Anyway, the Virtuoso engine overhaul is now mostly complete. This is of course an open ended topic but the present batch is nearing completion. We have gone through as many as 3 implementations of hash joins, some things have yet to be finished there. Oracle has very good hash joins. The only way we could match that was to do it all in memory, dropping any persistent storage of the hash. This is of course OK if the hash is not very large and anyway hash joins go sour if the hash does not fit in working set.

As next topics, we have more RDF and the LUBM benchmark to finish. Also we should revisit TPC-D.

Databases are really quite complicated and extensive pieces of software. Much more so than the casual observer might think.

# PermaLink Comments [0]
01/10/2007 15:08 GMT Modified: 04/17/2008 21:04 GMT
Virtuoso TPCC and Multiprocessor Linux and Mac

We have updated our article on Virtuoso scalability with two new platforms: A 2 x dual core Intel Xeon and a Mac Mini with an Intel Core Duo.

We have more than quadrupled the best result so far.

The best score so far is 83K transactions per minute with a 40 warehouse (about 4G) database. This is attributable to the process running in mostly memory, with 3 out of 4 cores busy on the database server. But even when doubling the database size and number of 3 clients, we stay at 49K transactions per minute, now with a little under 2 cores busy and am average of 20 disk reads pending at all times, split over 4 SATA disks. The measurement is the count of completed transactions during a 1h run. With the 80 warehouse database, it took about 18 minutes for the system to reach steady state, with a warm working set, hence the actual steady rate is somewhat higher than 49K, as the warm up period was included in the measurement.

The metric on the Mac Mini was 2.7K with 2G RAM and one disk.

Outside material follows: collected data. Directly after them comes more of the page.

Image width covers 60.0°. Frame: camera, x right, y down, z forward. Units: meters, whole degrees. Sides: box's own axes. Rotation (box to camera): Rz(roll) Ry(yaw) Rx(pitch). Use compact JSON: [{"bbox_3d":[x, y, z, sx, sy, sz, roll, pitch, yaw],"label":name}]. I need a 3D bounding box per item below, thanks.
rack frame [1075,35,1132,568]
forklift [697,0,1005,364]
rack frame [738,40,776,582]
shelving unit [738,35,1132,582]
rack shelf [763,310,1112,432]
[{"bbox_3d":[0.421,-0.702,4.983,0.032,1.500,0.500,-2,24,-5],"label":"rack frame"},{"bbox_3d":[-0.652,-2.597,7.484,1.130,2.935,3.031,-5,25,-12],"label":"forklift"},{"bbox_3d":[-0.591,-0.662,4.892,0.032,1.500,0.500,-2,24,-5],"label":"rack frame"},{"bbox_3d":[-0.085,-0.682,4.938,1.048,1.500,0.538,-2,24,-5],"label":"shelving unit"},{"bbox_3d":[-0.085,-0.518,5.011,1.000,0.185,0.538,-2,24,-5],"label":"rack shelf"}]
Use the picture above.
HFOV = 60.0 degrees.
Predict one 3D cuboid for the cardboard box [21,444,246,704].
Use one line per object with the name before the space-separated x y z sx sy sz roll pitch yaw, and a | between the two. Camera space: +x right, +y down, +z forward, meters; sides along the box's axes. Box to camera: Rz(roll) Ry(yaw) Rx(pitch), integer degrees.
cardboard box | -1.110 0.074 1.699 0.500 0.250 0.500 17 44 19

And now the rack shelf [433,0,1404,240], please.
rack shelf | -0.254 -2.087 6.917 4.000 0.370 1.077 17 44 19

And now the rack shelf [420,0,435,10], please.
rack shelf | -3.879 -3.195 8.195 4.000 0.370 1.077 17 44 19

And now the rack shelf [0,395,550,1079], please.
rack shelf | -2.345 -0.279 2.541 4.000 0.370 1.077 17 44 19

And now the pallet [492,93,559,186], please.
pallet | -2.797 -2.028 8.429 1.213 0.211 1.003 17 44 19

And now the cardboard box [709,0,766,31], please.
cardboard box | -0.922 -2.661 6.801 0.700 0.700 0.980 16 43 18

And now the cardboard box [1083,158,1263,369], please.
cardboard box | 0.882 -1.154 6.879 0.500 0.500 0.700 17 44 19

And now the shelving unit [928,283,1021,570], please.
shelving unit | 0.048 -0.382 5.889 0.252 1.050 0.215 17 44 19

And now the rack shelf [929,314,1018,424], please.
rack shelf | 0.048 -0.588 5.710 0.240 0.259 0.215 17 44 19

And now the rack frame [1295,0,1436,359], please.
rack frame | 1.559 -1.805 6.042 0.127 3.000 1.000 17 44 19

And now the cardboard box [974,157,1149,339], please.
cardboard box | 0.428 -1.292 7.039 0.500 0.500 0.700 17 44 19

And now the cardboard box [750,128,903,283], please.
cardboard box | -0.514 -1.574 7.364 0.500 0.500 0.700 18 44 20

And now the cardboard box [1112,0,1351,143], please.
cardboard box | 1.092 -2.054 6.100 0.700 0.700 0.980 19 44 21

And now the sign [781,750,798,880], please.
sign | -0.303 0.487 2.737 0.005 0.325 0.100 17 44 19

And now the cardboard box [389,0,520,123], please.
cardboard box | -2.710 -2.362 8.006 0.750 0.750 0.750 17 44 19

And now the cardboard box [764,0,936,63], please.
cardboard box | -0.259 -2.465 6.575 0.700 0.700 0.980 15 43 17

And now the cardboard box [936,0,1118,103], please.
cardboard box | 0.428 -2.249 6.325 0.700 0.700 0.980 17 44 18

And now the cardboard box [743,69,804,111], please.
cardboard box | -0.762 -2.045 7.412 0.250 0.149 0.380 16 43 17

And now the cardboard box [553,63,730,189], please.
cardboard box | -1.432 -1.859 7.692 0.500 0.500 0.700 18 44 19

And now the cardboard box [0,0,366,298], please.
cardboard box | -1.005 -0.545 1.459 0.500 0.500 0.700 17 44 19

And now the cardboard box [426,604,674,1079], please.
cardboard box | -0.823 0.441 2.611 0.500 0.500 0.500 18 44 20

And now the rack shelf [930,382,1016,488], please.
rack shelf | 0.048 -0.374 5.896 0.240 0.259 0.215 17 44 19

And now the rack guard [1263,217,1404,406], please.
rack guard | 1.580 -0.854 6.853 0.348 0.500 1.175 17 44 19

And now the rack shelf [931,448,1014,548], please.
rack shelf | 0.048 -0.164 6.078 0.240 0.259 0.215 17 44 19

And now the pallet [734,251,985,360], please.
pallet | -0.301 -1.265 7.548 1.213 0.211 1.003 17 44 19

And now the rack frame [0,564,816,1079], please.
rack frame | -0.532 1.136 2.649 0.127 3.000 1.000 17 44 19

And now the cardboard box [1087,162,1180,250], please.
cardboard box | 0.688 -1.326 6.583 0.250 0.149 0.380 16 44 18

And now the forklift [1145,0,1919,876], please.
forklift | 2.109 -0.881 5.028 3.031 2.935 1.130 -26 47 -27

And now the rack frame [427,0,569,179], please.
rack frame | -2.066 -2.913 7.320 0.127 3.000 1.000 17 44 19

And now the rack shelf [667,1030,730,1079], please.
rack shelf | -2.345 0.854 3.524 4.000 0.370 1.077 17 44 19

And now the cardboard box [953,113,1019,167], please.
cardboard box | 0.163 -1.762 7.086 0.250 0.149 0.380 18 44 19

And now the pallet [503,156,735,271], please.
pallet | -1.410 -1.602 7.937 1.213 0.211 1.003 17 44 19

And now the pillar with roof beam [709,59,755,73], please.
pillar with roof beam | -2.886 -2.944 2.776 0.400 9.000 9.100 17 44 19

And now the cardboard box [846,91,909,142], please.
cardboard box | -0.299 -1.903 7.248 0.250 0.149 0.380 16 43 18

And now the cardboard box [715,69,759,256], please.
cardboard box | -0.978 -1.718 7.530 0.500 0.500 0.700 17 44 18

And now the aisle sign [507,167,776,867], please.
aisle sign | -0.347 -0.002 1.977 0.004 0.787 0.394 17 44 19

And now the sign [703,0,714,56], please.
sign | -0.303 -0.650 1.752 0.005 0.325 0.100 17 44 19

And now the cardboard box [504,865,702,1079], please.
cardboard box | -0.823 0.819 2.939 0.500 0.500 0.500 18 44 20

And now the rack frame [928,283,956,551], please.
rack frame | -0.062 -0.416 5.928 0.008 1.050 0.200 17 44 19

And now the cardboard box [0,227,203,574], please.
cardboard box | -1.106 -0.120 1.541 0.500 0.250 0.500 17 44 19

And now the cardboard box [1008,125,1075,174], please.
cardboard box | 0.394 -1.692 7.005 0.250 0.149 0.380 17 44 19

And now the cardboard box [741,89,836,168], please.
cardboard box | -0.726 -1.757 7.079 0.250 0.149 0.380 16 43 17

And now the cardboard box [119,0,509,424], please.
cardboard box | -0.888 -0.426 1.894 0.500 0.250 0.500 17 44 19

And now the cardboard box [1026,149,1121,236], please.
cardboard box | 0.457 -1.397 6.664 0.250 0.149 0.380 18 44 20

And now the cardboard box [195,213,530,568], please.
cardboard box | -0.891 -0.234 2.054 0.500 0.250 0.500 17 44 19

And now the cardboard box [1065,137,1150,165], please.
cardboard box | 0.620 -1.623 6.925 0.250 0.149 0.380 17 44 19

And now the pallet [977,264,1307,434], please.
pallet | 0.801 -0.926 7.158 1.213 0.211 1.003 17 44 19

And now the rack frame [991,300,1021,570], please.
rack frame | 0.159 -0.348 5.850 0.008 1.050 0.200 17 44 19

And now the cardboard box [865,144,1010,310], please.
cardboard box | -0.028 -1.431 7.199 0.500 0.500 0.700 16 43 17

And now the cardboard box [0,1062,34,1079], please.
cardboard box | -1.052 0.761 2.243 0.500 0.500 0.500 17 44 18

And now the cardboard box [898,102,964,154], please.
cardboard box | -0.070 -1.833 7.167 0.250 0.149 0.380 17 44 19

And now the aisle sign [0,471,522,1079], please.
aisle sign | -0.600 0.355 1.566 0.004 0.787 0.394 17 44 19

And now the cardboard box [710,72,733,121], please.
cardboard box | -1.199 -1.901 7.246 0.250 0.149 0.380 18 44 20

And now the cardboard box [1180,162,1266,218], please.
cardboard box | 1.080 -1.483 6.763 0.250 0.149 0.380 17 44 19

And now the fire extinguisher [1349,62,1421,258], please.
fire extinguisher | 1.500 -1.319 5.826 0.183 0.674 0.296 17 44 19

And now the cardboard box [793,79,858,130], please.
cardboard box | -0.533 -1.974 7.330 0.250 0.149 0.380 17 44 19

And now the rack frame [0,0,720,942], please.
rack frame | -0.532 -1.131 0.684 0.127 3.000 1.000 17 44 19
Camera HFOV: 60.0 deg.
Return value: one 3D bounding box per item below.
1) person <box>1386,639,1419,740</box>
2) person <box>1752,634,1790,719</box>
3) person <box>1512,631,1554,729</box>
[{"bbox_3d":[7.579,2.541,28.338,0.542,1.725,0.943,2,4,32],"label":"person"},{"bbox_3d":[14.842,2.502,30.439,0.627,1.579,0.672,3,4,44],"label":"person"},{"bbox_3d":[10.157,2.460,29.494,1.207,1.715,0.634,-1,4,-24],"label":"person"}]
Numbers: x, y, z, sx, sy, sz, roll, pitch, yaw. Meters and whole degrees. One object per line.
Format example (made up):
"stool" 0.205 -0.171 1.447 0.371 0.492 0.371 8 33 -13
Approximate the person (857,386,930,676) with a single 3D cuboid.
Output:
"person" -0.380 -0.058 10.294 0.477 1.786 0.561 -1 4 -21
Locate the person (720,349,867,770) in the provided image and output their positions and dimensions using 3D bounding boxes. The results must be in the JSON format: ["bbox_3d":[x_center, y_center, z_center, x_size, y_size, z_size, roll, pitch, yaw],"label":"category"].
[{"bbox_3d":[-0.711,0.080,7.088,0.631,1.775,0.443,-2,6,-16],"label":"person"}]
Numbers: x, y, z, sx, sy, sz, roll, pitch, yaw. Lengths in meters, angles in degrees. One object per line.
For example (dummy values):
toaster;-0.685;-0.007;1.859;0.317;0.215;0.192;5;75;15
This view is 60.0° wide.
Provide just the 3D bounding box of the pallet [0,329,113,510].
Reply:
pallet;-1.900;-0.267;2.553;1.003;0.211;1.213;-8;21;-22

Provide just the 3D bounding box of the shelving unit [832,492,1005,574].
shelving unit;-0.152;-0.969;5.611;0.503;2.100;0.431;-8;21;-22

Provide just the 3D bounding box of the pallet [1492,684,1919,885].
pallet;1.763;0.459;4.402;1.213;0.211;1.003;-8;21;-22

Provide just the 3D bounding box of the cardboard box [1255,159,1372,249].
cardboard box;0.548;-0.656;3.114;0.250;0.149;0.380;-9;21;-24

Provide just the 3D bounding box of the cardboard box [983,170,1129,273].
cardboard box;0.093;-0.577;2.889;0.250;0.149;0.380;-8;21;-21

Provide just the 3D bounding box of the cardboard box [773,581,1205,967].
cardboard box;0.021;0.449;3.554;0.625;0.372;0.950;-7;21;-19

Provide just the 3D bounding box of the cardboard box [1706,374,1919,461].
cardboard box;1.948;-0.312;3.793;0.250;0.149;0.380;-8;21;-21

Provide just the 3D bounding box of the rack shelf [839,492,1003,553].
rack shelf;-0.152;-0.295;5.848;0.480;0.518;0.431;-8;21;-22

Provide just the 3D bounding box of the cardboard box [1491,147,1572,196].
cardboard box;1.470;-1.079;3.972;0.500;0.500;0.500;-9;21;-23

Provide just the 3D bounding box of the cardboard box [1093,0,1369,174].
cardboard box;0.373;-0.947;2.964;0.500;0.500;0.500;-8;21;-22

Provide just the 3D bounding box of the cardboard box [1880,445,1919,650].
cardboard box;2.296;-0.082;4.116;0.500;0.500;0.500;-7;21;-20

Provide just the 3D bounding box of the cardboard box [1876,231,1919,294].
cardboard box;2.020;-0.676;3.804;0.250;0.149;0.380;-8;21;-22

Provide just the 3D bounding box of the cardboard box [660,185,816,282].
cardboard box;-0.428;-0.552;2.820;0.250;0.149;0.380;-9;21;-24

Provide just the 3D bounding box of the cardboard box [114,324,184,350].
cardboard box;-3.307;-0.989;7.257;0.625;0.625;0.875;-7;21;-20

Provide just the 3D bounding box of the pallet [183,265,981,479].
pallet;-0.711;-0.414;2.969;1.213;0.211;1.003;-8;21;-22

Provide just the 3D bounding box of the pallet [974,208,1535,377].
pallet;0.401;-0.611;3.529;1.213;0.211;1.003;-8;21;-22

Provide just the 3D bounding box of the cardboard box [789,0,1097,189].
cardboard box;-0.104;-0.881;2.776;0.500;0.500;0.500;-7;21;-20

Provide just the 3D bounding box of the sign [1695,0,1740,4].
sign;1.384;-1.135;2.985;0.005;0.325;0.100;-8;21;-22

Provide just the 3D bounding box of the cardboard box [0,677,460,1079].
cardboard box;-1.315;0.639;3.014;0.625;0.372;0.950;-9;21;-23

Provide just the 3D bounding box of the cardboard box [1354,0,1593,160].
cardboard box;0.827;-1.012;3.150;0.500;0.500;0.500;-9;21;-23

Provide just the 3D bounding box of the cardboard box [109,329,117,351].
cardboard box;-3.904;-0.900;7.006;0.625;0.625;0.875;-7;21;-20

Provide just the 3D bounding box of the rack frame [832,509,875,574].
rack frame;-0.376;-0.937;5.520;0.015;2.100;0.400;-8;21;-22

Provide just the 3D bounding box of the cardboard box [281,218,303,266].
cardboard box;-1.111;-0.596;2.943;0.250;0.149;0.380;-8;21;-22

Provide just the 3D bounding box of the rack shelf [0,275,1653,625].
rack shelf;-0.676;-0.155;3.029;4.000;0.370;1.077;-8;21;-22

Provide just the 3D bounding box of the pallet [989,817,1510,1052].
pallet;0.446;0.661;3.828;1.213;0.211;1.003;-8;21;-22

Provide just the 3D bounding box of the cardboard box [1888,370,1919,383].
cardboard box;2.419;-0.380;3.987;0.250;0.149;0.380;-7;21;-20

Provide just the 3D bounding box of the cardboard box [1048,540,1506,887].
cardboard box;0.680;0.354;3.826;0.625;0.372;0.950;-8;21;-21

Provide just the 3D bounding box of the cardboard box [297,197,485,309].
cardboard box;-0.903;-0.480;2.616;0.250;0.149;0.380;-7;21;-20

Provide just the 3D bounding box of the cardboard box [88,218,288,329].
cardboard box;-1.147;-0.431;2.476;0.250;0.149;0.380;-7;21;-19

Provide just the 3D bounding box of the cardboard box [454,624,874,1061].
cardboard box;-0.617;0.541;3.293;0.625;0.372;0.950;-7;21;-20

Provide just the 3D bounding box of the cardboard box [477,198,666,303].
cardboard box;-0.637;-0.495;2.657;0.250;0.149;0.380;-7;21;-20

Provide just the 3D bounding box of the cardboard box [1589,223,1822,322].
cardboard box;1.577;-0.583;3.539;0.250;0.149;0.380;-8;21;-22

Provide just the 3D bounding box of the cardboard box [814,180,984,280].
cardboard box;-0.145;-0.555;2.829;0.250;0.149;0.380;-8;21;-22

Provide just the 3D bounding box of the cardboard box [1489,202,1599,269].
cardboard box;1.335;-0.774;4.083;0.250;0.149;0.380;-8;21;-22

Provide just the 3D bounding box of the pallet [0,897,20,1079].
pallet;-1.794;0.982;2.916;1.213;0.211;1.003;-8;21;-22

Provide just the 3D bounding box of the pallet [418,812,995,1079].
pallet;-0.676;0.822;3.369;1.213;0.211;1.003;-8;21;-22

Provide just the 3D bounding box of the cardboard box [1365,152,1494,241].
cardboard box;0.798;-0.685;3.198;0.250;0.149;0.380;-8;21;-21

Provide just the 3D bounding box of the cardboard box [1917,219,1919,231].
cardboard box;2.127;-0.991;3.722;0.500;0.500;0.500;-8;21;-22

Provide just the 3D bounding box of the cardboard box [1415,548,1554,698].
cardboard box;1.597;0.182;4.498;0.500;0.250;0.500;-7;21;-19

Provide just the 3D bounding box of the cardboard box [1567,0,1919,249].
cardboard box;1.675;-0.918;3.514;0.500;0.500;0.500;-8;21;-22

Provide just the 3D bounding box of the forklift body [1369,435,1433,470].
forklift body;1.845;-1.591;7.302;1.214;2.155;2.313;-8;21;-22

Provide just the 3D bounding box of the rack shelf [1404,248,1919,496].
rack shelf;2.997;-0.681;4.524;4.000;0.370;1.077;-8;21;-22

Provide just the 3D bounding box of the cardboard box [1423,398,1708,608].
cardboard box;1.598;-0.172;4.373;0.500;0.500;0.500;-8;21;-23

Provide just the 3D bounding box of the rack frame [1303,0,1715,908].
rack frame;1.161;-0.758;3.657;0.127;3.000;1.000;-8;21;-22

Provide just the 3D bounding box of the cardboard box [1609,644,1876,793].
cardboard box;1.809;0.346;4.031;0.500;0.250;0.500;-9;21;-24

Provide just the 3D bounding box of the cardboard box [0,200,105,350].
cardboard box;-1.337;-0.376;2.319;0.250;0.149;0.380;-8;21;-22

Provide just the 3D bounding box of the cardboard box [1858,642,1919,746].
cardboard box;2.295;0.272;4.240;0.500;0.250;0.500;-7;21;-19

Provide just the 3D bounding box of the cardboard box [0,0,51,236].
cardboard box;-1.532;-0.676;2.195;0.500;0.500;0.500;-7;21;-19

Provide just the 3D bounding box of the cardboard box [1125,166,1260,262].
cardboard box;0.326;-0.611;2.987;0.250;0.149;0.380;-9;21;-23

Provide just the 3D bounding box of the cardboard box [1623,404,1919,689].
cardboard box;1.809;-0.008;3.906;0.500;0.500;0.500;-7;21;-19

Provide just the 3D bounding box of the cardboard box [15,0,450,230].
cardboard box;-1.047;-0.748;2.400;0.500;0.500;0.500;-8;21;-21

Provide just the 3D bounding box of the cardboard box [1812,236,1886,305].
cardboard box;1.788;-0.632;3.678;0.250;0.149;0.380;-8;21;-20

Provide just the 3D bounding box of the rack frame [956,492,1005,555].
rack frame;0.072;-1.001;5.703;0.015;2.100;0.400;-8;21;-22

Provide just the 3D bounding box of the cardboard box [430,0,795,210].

The CPU usage was about one third of one core. Since we have had rates of over 10K with 2G RAM, we attribute the low result to running on a single disk which is not very fast at that.

We have run tests in 64 and 32 bit modes but have found little difference as long as actual memory does not exceed 4g. If anything, 32 bit binaries should have an advantage in cache hit rate since most data structures take less space there. After the process size exceeds the 32 bit limit, there is a notable difference in favor of 64 bit. Having more than 4G of database buffers produces a marked advantage over letting the OS use the space for file system cache. So, 64 bit is worthwhile but only if there is enough memory. As for X86 having more registers in 64 bit mode, we have not specifically measured what effect that might have.

We also note that Linux has improved a great deal with respect to multiprocessor configurations. We use a very simple test with a number of threads acquiring and then immediately freeing the same mutex. On single CPU systems, the real time has pretty much increased linearly with the number of threads. On multiprocessor systems, we used to get very non-linear behavior, with 2 threads competing for the same mutex taking tens of times the real time as opposed to one thread. At last measurement, with a 64 bit FC 5, we saw 2 threads take 7x the real time when competing for the same mutex. This is in the same ballpark as Solaris 10 on a similar system. Mac OS X 10.4 Tiger on a 2x dual core Xeon Mac Pro did the worst so far, with two threads taking over 70x the time of one. With a Mac Mini with a single Core Duo, the factor between one thread and two was 73.

Also the proportion of system CPU on Tiger was consistently higher than on Solaris or Linux when running the same benchmarks. Of course for most applications this test is not significant but it is relevant for database servers, as there are many very short critical sections involved in multithreaded processing of indices and the like.